Hunt through the lines below for the string "many" and copy each one that has it.

▸ **RECORDS FOR THIS TASK**
= Beginning of Section =
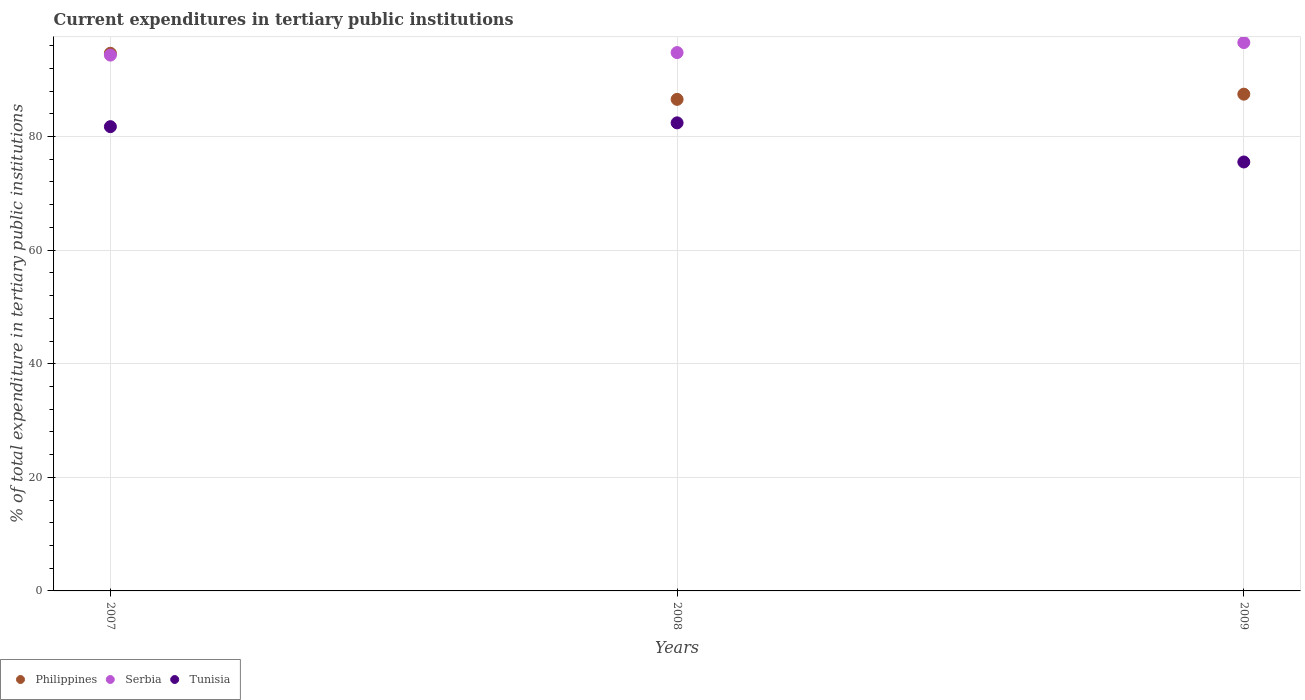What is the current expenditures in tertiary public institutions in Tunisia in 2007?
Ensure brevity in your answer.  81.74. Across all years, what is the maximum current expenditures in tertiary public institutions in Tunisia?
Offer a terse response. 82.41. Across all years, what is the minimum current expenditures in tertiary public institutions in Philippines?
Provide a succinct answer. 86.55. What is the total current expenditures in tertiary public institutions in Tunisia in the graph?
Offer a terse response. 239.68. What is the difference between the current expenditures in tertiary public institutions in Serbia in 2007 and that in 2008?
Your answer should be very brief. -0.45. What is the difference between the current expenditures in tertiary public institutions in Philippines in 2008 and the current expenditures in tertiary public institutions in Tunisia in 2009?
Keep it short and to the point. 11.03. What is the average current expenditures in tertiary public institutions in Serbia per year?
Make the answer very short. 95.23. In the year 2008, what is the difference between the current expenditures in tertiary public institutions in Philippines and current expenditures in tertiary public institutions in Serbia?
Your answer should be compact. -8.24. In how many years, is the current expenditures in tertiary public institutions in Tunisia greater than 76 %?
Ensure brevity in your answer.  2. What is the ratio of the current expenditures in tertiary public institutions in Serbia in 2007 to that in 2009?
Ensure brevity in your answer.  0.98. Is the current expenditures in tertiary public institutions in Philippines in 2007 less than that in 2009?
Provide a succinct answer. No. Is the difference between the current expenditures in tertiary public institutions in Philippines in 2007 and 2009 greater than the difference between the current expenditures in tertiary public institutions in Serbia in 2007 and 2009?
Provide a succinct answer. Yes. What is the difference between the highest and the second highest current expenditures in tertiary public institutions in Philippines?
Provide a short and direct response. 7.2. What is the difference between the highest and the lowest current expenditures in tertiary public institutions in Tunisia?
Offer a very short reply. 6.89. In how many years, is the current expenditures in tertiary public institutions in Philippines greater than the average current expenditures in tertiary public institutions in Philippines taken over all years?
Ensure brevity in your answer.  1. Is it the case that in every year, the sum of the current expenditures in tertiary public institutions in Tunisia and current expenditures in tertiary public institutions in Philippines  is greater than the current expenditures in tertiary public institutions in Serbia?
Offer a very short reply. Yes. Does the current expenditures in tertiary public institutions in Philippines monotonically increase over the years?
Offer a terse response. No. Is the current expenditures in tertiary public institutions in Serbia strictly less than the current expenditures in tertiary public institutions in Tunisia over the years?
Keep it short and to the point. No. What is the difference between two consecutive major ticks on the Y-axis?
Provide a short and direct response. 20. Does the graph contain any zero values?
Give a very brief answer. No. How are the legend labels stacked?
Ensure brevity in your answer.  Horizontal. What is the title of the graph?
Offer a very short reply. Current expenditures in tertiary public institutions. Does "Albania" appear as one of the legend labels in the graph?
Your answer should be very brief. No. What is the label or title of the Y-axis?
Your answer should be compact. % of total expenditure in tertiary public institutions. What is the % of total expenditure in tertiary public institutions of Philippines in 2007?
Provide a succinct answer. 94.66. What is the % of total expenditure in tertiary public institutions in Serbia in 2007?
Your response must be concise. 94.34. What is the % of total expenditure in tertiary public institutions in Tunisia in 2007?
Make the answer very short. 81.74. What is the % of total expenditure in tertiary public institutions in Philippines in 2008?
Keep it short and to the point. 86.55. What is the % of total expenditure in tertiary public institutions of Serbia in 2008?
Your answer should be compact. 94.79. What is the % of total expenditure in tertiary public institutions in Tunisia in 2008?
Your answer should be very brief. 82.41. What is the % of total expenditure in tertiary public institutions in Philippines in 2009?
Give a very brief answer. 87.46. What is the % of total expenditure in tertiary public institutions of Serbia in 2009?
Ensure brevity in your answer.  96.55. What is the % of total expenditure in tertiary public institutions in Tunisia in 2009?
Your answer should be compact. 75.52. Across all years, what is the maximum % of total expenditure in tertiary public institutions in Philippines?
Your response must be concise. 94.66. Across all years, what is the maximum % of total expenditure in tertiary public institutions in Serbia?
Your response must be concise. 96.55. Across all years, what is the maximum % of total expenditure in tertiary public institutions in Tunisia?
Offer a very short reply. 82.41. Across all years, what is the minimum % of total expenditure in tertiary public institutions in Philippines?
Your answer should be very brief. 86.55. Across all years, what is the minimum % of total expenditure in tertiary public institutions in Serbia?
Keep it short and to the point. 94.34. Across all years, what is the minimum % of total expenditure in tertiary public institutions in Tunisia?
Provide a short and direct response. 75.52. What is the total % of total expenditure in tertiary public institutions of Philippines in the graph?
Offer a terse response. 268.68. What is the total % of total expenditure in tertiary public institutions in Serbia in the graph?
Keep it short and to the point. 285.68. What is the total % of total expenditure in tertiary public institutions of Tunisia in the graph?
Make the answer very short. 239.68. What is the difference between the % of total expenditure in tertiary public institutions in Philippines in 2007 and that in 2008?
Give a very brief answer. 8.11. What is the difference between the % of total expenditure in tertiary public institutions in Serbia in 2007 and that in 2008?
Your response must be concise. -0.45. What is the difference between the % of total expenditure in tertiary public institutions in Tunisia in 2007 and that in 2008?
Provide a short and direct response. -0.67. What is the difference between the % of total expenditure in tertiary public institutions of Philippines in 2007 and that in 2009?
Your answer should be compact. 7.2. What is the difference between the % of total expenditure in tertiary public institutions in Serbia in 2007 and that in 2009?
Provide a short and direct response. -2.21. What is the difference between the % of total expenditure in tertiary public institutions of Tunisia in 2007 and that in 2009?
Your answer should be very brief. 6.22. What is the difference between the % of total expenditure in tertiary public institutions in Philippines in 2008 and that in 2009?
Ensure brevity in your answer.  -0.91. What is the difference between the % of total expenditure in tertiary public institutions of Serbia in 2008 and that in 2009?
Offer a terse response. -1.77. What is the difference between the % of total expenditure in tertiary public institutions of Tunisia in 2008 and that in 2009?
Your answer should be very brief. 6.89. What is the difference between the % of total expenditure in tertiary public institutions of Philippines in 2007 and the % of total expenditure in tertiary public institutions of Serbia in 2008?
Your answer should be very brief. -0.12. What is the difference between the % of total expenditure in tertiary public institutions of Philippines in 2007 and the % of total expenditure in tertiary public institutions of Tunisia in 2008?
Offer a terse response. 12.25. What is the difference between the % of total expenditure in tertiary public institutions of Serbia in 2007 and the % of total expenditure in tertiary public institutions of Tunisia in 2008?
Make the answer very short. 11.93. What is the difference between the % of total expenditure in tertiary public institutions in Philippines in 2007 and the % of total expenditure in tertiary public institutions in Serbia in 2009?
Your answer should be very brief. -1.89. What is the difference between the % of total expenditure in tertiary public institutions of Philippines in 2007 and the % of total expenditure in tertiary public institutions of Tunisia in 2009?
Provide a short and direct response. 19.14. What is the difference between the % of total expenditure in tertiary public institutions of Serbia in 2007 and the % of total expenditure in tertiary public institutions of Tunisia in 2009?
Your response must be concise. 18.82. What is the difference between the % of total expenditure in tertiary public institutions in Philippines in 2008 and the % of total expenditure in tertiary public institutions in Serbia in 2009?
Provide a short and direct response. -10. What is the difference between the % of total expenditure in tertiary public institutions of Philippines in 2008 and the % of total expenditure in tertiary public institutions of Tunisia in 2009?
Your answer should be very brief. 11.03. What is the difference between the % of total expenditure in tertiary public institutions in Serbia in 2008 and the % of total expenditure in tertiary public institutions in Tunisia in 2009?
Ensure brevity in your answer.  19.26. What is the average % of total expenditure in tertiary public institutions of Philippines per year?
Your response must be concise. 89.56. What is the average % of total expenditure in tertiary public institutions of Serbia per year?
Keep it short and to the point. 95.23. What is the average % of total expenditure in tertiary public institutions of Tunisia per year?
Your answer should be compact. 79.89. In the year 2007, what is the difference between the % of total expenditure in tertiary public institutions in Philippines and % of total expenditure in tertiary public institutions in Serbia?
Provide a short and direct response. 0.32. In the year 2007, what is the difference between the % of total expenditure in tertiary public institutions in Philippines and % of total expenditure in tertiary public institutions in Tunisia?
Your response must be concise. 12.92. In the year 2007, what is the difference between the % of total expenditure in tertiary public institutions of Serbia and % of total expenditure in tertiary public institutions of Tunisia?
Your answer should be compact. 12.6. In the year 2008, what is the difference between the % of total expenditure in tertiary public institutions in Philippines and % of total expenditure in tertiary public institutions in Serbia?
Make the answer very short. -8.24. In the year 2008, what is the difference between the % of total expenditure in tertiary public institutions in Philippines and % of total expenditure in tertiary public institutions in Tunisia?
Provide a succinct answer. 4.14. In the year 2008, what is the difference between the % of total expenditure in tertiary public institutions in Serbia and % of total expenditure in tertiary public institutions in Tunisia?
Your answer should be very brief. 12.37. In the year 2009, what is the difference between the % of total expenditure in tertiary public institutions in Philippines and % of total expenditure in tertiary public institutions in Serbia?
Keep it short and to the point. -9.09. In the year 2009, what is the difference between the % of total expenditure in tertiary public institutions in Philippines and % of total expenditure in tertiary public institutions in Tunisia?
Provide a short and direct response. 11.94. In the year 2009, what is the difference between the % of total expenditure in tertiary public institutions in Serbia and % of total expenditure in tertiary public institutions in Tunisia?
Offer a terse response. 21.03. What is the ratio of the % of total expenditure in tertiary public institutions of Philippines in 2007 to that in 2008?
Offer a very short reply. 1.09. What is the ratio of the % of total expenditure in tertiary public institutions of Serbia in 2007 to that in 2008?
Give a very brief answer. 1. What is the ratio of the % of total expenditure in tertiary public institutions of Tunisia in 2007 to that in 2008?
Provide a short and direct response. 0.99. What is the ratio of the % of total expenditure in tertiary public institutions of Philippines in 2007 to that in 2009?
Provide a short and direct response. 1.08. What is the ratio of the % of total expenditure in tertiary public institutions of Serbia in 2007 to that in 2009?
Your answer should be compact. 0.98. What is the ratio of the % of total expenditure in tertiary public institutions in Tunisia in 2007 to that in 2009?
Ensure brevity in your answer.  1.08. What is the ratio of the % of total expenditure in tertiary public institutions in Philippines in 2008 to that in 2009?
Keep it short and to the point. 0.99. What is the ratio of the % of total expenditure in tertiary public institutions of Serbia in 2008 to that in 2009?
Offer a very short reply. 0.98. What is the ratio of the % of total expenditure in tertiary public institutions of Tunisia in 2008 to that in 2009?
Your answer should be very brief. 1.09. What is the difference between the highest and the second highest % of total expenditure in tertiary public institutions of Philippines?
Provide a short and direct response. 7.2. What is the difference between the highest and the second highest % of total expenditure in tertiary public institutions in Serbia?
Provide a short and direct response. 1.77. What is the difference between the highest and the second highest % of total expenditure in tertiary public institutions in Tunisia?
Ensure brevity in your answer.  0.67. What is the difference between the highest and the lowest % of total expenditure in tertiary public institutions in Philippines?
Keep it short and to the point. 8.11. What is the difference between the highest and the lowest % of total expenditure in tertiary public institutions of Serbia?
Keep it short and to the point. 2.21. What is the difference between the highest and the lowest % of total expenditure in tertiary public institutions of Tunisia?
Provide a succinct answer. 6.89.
= End of Section =
▸ **OUTPUT BELOW**
Your answer should be compact. -8.24. In how many years, is the current expenditures in tertiary public institutions in Tunisia greater than 76 %?
Offer a very short reply. 6.89. In how many years, is the current expenditures in tertiary public institutions in Philippines greater than the average current expenditures in tertiary public institutions in Philippines taken over all years?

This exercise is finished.